A Peachy Halloween
My third costume quest went rather well. I’m going to be Princess Peach and I have some friends that will be other Nintendo characters: Mario, Luigi, Toad and maybe some more to be determined. Yesterday I found a long blonde “princess” style wig and I bought some long white gloves. I’m still looking for a pink shirt with pouffy sleeves. I highly doubt I’m going to any costume parties tonight, so I’m not to worried that my costume is incomplete. I figure, worst case scenario, I can be a fallen angel because I have my black wings and corset. I would really love to, but I haven’t heard anything and my usual party partner is out of town for the weekend. Q mentioned how he had been invited to three different parties and that made me feel lame.
After my costume shopping yesterday I spent the day with various homies. I felt so much better in the morning and when I saw my friends my spirits were lifted higher. Of course I would occasionally see something that reminded me of Q and I would be momentarily paralyzed trying not to cry or reveal my sadness. I also had my car looked at in hopes of getting it repaired. Since August I have been car less on and off for months at a time. First, it wasn’t holding water and then I had a new pump installed, yet the problem remained the same. It was fixed a second time and is running much better, but it has a sputter and makes some interesting noises. However, the mechanic that saw it said my problem is most likely inside my engine and that’s not his forte.

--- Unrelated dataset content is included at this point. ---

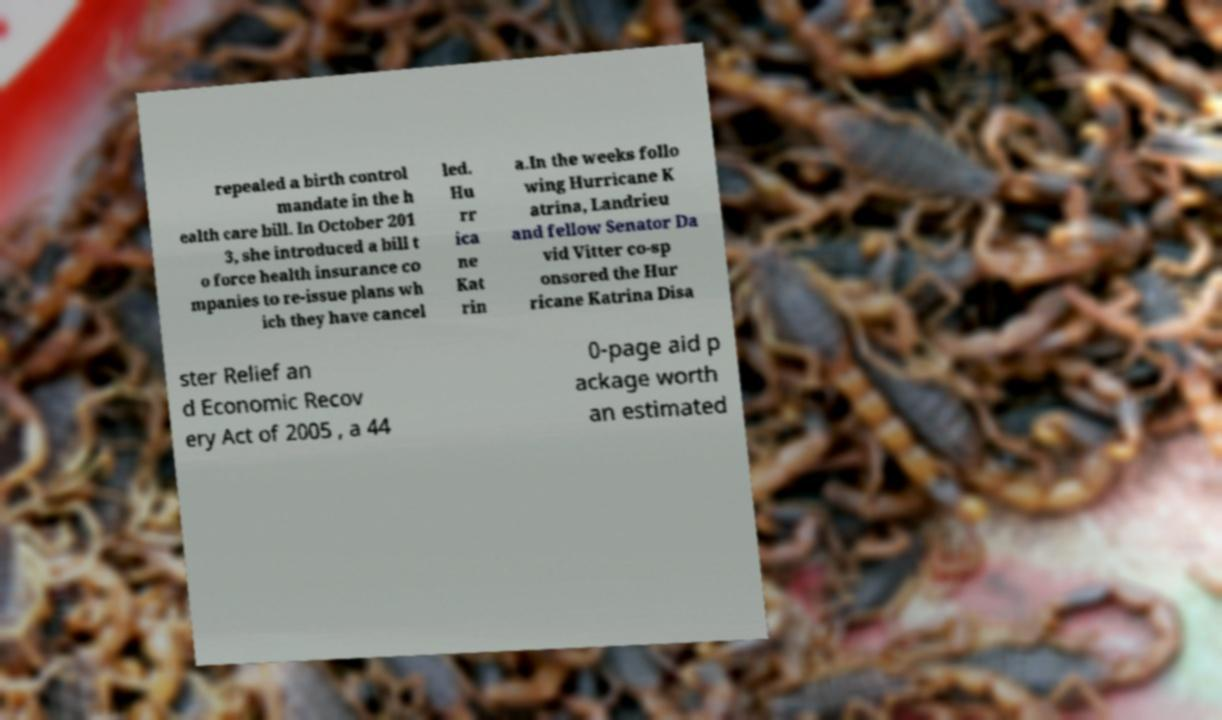Could you assist in decoding the text presented in this image and type it out clearly? repealed a birth control mandate in the h ealth care bill. In October 201 3, she introduced a bill t o force health insurance co mpanies to re-issue plans wh ich they have cancel led. Hu rr ica ne Kat rin a.In the weeks follo wing Hurricane K atrina, Landrieu and fellow Senator Da vid Vitter co-sp onsored the Hur ricane Katrina Disa ster Relief an d Economic Recov ery Act of 2005 , a 44 0-page aid p ackage worth an estimated

I ended my awesome day with an awesome night. Bad Boy Bill came to town and we all went dancing! I had seen him before, but in a different city. The whole gang went and some friends I haven’t seen much of recently drove me up there. Q was there of course. It was his mini-pre-party. He looked so good and he was acting nice, so it was very hard for me. I had a few beers, so that helped ease my mind and it made it less difficult to see Q dancing with different girls. One of my friends could tell and I still have feelings for Q and I was surprised he helped me get my mind off of things and assured me to hang in there. He and I have never had any sort of dimensional conversation, so that’s always a nice feeling to find a friend you didn’t expect to. We all had an awesome time though and danced our butts off. I bought these super cute, yet killer heels. They are sparkly silver and have black lace over them and a little patent leather black bow. I was dancing fine for the first hour and then at one point my left ankle buckled and bent the wrong way. After that it was impossible for that ankle to support me. Q thought I was too drunk, but Justin helped me out and took my shoes from me. Once I was barefoot I was fine to dance again. My ankle still hurts this morning and my feet are pitch black, but oh well. Q was at the after party and before he left he gave me a sweet hug. I think I was the only one he hugged. I think I may have said something kinda drunk and kinda “I like you”, but I’m not a hundred percent sure. I just know that I kept wanting to hold him last night and when I got home and went to bed I wanted to kiss him good night and cuddle.
I don’t know what my plans are for today. Derrick is coming back and we will watch “Fantastic Planet.” I guess it’s animated and that’s about all I know. I’m hoping to see Q later. Yesterday, he stopped by unexpectedly and then he also texted me to help him dye his hair. All this after he told me I call him too much. I’ve just been taking it in strife. I just need to watch myself, because at this point I would, sadly, do almost anything for him and I can’t give him that special treatment. He said so himself. It’s just hard to get past that, but I need to learn. Time for breakfast and time for me to stop thinking about Q.